Home Taping Is Killing Music
September 1, 2023 8:51 AM   Subscribe

Casseptember! Sixty years of cassette tape culture: BBC Radio 3 "...will feature specially-commissioned works from an array of artists whose work makes use of the particular qualities unique to the cassette tape. And, throughout the month, we’ll also hear from dedicated collectors and artists with a soft spot for the format." [hissssss << tktktkt >> KA-CHUNK]
posted by not_on_display (19 comments total) 11 users marked this as a favorite
 
Taking bids for a high quality 12in reel-to-reel off the air recording of all Taylor Swifts original songs during the Mephis Swiftathon.

(not really but this should famously take down the mefi servers, cackles madly ah ha ha hah ha)
posted by sammyo at 9:13 AM on September 1, 2023 [2 favorites]


I think the Nakamichi 550 was the best cassette recorder ever made. It’s audio quality was amazing.
posted by bz at 9:17 AM on September 1, 2023 [2 favorites]


Looking forward to this. As a teenaged Guy, my cassette collection was a physical manifestation of everything music meant to me. Its diversity and its power to be my paint brush, my poet's pen, my armor and sword, my wine and roses. Even though it wasn't me making it, it was how I identified in private and how I stepped out into the world. So many memories of trying to catch whole songs when recording the radio or making agonizingly specific mix tapes, to the tragedy of favorite cassettes being eaten by the player (and cleaning the heads and rollers with Q-tips).

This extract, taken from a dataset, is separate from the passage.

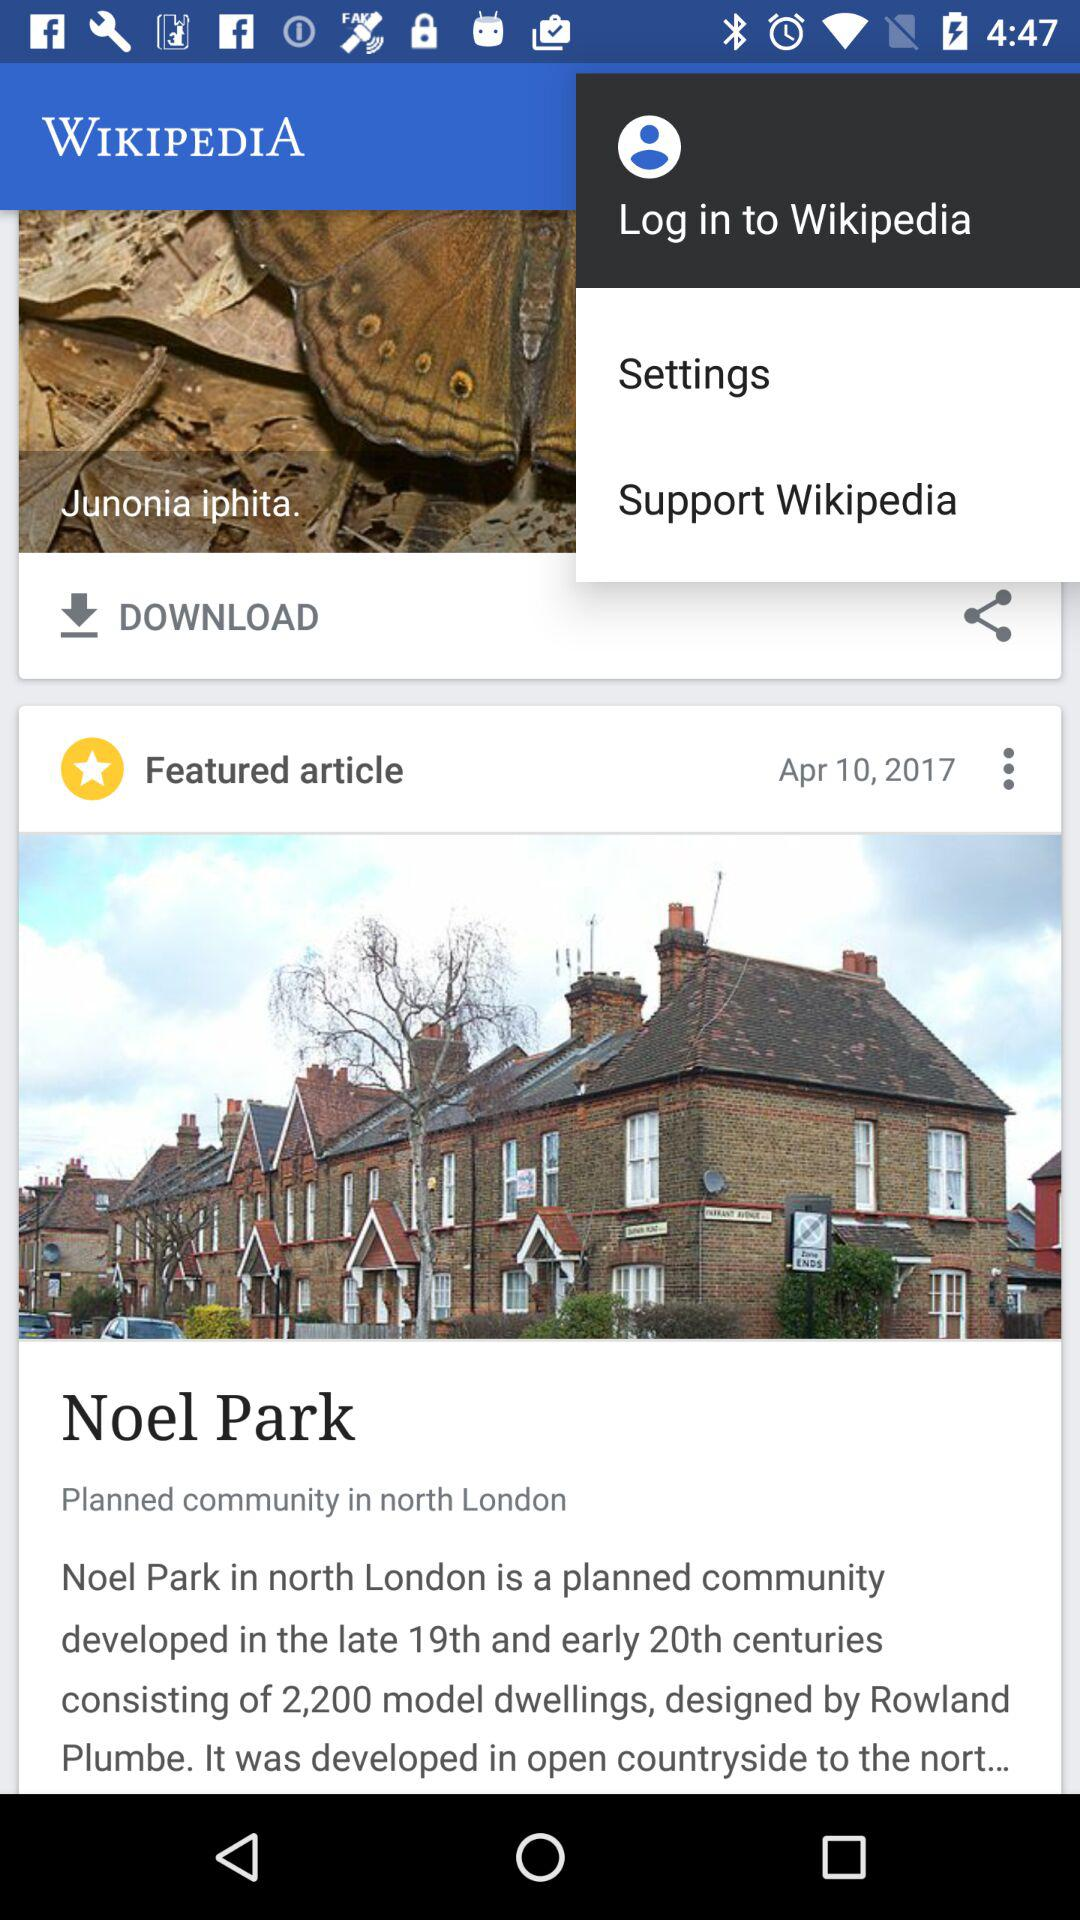To what application can we log in? You can log in to the application "Wikipedia".

On the killing music front, I remember that cassettes are where the blank media tax (that persists to this day) started. But my favorite cassette "piracy" story is this:

I had a friend who, for her 12th birthday, wanted the album "Fly By Night" by Rush for her birthday, and wanted it on cassette. After pestering my father, he called around and failing to find it on cassette, brought home the album on vinyl and a blank cassette and told me, "we'll record it on to the tape and then you can give both of them to her and just explain that they didn't have any cassette copies at the store." So, on her birthday I told my friend this, and she told me that she didn't have any use for the record, that she just wanted the cassette. So in what would seem an early example of piracy, one copy was sold but two people had the album. It was exactly what the record company feared. However, Rush became my favorite band and I spent unholy amounts of money buying every single one of their albums (sometimes in multiple formats over the years). So while it's possible that the band would have come across my radar at some point, I think it can be safely argued that, that early act of musical piracy made the record company something like 50 times the amount of money lost on the duplication.
posted by BigHeartedGuy at 9:22 AM on September 1, 2023 [12 favorites]


Since it's not on for a couple more hours I have time to dig my old boombox out of the attic, dust it off, and flip through my cassette collection to see which one I can tape over!
posted by chavenet at 9:47 AM on September 1, 2023 [1 favorite]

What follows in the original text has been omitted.